■ **Work instructions**: Give the number of lines in the material below that hold "FLAECHE", and nothing besides.

[[ Dataset excerpts, beginning ]]

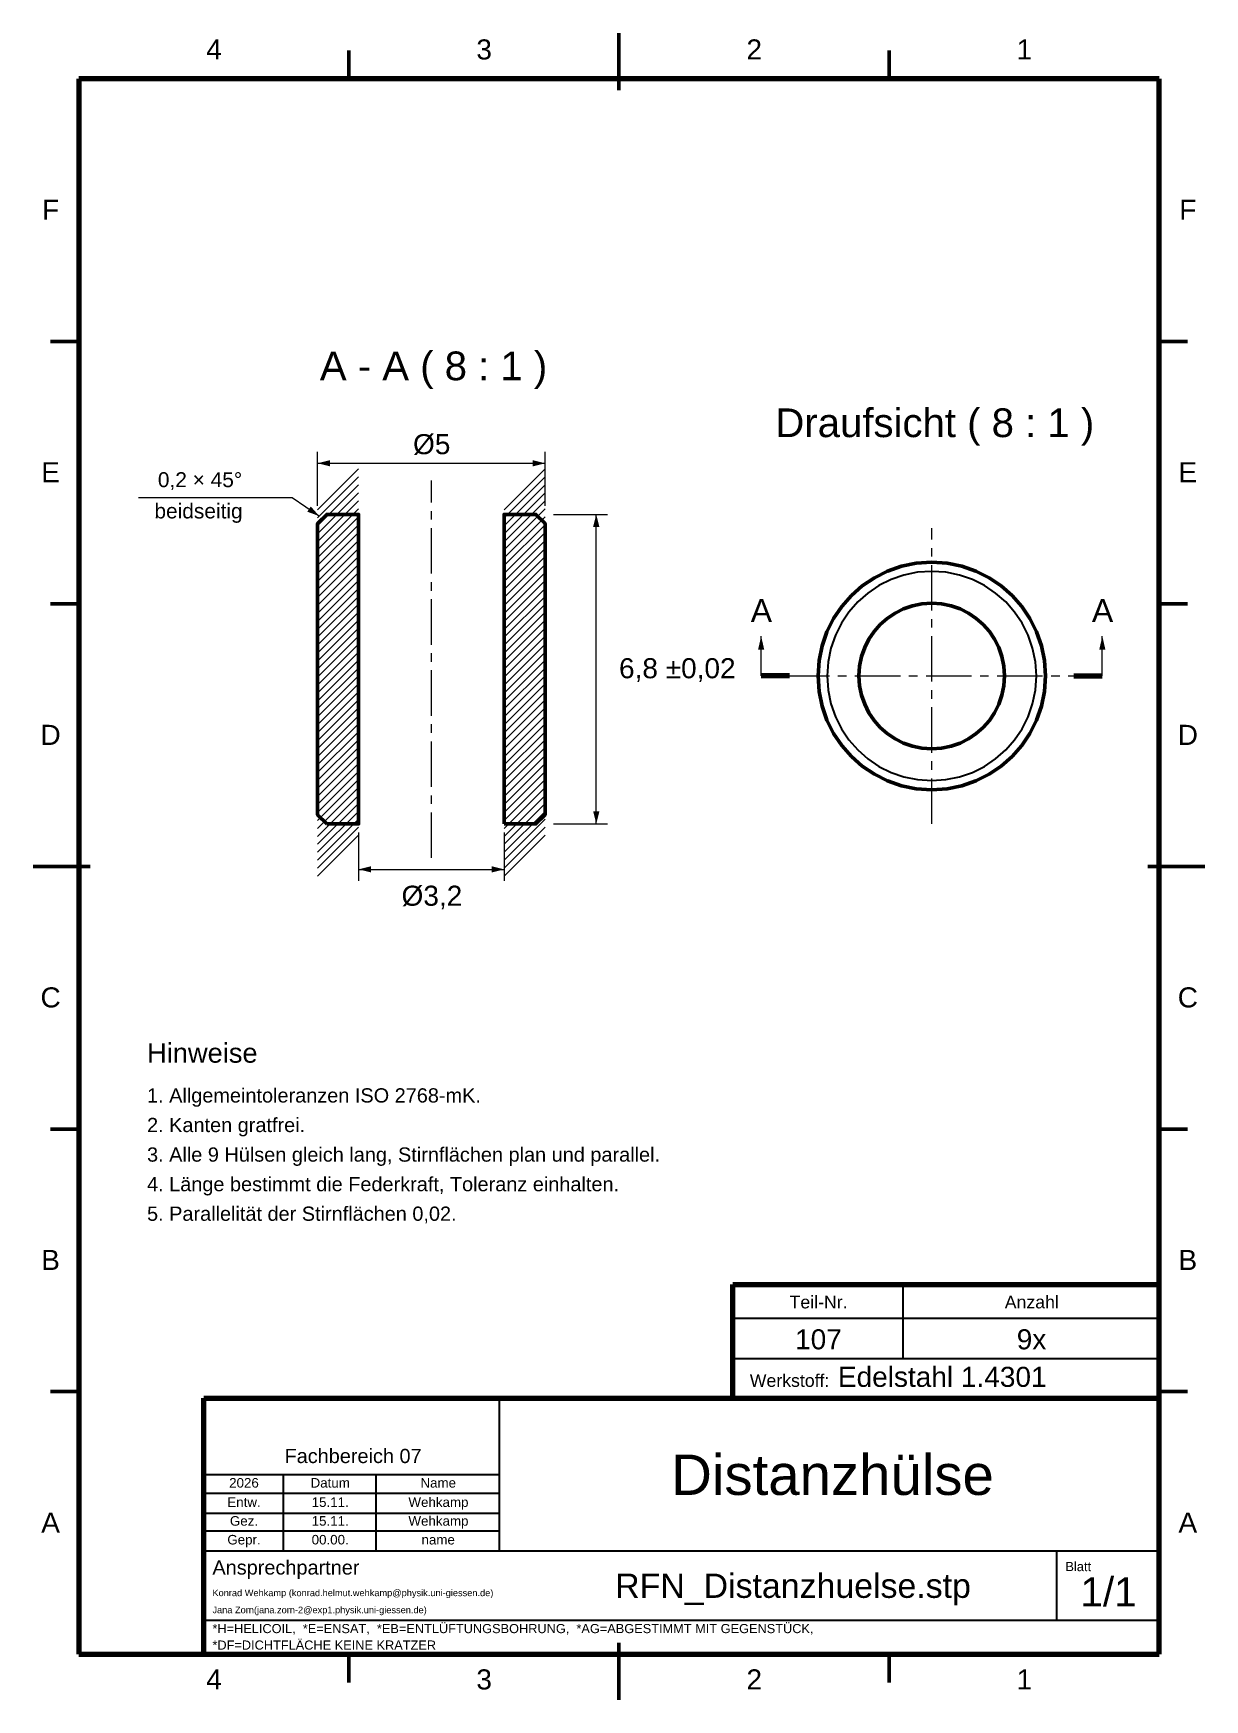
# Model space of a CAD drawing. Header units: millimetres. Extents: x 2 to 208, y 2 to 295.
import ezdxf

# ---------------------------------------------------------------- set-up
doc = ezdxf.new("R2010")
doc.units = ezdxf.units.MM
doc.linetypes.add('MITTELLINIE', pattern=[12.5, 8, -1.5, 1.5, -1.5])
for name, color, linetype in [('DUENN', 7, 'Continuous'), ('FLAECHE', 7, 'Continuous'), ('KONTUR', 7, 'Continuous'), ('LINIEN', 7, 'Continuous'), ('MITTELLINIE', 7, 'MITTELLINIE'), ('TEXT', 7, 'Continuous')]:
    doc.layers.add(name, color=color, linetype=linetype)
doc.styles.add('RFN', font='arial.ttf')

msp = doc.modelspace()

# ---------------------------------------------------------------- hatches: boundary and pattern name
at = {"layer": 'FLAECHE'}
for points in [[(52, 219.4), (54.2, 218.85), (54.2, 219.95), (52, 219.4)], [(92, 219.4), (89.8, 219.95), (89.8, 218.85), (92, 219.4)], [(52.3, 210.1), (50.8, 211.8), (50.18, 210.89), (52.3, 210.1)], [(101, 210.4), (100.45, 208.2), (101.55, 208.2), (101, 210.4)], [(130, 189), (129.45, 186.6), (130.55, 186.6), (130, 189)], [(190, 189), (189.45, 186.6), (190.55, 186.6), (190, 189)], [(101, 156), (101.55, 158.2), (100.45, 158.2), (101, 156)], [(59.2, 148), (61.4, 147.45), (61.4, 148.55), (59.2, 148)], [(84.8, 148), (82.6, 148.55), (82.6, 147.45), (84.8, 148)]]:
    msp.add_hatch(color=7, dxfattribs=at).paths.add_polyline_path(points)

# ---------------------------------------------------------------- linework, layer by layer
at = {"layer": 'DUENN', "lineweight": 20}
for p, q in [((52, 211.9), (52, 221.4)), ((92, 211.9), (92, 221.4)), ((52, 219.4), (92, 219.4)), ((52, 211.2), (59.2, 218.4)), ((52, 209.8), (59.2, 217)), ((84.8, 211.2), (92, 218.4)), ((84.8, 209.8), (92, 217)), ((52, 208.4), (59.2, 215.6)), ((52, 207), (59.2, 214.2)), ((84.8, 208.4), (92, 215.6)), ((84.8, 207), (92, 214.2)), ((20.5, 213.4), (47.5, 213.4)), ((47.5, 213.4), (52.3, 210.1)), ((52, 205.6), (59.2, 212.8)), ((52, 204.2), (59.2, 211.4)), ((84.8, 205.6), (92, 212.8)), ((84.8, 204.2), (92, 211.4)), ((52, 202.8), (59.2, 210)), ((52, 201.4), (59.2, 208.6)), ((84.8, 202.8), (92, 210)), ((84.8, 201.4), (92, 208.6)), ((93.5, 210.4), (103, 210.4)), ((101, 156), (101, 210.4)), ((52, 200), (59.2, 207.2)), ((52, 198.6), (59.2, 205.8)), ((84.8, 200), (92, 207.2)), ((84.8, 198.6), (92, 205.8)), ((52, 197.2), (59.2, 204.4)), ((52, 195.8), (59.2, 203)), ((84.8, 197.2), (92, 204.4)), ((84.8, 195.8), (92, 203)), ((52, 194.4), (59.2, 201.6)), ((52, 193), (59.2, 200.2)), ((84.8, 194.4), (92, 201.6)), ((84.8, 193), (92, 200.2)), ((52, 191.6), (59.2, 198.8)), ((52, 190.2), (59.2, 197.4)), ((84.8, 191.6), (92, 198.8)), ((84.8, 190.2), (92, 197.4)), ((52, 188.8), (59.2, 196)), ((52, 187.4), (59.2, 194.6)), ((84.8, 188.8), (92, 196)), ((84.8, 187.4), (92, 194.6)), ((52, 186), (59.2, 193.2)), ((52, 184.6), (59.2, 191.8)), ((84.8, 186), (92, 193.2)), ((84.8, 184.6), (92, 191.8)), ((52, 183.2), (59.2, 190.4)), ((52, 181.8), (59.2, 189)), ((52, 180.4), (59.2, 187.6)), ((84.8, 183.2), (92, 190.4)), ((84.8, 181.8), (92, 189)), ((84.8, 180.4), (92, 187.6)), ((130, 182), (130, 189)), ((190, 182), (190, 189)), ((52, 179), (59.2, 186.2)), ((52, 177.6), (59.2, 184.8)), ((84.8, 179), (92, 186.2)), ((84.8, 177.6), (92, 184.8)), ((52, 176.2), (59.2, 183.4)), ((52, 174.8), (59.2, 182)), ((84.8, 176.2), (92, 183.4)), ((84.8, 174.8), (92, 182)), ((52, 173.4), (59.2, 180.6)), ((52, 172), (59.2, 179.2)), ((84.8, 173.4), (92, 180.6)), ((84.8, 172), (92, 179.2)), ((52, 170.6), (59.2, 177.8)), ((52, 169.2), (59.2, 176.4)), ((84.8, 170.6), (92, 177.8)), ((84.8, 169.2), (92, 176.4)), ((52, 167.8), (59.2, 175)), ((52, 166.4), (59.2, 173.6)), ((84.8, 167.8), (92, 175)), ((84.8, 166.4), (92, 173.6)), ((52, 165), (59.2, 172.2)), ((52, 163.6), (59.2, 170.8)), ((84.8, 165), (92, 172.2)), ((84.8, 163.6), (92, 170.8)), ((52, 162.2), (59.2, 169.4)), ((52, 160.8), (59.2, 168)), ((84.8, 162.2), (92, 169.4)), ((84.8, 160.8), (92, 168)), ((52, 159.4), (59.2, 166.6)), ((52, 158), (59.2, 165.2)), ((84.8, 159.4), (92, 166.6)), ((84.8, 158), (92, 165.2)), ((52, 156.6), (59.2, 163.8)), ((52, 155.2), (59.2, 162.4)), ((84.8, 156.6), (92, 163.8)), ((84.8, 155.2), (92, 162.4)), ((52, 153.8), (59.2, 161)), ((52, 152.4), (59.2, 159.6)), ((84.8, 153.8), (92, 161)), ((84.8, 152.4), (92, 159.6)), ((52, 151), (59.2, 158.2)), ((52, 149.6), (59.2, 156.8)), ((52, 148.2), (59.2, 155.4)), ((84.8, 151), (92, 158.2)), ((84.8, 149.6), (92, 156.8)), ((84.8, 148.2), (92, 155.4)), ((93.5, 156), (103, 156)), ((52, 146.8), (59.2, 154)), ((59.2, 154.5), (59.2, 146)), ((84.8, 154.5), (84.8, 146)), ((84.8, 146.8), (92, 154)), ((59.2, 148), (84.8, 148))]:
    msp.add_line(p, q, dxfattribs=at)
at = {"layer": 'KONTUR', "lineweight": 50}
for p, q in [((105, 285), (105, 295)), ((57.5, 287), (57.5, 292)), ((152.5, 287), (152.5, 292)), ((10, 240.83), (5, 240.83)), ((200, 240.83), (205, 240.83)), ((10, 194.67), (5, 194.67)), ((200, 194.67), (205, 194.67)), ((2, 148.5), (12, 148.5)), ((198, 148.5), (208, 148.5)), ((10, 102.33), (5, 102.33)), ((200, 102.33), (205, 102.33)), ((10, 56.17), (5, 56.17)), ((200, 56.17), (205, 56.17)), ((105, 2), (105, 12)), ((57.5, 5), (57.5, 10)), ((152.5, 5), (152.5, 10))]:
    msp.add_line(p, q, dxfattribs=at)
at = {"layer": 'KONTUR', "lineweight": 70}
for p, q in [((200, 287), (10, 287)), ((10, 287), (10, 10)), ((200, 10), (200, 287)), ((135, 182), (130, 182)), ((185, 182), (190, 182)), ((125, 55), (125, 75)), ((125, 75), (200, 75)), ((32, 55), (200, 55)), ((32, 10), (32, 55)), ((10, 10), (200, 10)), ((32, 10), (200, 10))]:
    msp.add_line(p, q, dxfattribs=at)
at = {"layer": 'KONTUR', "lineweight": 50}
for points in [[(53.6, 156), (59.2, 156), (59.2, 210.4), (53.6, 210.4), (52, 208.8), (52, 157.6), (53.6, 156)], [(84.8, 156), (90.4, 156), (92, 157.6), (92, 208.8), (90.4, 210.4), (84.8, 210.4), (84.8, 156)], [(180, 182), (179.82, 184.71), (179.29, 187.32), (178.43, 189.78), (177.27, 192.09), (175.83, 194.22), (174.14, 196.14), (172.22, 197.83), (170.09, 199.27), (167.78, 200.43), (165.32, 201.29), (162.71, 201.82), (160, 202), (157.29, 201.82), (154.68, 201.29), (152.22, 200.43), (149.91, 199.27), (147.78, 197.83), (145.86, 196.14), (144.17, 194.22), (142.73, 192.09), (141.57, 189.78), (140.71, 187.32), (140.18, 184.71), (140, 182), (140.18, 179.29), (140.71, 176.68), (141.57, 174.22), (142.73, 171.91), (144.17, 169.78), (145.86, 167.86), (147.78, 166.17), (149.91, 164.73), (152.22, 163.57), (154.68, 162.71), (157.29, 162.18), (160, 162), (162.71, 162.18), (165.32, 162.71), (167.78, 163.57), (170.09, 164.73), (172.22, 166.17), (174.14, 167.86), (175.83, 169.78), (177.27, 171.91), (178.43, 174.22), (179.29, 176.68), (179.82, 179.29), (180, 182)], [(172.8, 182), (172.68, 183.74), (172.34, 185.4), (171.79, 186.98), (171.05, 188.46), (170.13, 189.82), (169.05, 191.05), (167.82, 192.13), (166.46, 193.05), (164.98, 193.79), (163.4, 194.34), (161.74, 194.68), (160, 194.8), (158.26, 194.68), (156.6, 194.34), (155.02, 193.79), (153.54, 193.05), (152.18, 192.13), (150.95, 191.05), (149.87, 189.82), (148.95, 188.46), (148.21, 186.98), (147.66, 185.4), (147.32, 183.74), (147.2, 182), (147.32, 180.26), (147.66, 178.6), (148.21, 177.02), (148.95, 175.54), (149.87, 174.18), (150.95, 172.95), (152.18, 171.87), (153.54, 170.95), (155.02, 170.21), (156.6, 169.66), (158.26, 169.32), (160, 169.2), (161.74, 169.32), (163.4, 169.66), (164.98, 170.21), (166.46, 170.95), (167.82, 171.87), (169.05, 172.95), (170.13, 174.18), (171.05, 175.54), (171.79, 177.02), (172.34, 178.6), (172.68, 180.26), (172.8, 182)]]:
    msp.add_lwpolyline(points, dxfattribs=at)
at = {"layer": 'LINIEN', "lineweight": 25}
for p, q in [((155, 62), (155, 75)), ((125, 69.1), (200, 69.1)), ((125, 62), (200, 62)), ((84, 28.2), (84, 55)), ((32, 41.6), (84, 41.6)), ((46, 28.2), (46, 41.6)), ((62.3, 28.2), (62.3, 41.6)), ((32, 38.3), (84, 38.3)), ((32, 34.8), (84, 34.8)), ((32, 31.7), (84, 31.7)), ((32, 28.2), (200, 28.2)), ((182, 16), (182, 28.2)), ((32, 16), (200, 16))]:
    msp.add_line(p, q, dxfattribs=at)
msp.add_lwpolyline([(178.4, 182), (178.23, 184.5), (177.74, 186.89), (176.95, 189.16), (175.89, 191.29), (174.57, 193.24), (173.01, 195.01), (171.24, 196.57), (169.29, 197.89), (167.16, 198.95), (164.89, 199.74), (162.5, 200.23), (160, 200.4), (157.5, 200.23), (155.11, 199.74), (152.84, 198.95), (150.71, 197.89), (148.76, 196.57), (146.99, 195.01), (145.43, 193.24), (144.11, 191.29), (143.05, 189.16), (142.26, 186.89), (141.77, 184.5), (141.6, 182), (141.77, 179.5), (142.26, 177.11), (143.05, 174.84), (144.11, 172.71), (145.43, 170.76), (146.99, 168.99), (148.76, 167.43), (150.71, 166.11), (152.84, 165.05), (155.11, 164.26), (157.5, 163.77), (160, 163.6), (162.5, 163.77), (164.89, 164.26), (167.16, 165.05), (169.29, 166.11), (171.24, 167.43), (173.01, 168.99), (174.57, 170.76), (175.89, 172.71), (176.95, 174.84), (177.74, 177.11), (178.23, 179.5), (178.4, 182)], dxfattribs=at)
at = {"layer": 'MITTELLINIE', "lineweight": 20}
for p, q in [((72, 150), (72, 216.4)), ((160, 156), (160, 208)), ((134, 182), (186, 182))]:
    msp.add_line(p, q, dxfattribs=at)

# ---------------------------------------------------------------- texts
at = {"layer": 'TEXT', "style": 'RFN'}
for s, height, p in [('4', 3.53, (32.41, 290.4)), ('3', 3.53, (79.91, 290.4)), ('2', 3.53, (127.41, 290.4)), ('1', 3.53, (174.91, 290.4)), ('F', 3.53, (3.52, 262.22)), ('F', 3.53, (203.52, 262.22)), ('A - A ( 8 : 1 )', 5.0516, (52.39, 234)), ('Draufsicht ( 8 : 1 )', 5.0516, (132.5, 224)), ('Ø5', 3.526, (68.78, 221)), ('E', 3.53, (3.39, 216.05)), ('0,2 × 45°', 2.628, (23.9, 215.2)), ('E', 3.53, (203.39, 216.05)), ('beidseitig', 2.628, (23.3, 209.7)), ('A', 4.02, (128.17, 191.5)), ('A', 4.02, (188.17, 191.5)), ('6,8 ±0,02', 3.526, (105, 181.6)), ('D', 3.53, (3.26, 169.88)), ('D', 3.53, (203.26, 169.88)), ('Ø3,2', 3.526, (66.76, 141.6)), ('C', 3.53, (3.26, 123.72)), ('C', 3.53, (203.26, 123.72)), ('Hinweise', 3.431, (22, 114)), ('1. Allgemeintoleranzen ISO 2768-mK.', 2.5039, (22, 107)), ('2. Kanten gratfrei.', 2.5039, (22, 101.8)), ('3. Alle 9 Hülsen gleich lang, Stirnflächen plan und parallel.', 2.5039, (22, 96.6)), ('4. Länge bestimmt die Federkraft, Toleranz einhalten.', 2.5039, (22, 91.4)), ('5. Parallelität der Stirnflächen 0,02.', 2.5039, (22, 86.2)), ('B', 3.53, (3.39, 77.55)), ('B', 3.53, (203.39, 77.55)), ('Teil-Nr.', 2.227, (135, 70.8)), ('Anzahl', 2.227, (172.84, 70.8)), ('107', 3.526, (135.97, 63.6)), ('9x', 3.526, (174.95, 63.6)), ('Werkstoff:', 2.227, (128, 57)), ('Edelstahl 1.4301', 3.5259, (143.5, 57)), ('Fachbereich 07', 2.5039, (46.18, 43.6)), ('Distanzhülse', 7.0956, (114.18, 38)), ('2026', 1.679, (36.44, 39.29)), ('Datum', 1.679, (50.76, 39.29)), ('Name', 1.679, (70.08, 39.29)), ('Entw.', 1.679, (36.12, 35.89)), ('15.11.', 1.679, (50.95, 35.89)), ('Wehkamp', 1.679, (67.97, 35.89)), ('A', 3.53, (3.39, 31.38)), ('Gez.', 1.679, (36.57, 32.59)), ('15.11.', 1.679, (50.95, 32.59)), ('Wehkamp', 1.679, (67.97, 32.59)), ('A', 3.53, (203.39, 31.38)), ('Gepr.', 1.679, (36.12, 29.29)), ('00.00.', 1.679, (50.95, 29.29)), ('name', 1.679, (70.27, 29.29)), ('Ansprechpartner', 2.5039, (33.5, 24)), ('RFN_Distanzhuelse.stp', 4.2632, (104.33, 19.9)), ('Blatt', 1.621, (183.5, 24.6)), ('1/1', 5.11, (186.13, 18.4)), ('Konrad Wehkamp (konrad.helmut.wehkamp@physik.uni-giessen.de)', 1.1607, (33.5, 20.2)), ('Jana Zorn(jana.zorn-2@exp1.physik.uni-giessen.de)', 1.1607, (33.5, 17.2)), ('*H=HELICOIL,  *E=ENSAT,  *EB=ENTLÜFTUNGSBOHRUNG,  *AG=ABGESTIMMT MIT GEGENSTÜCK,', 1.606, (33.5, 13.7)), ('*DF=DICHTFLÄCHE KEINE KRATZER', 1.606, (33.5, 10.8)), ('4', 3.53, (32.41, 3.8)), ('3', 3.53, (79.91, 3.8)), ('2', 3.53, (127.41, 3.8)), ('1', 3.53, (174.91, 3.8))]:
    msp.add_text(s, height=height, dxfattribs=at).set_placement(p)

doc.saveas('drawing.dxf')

[[ Dataset excerpts, end ]]

■ **Written solution**: 2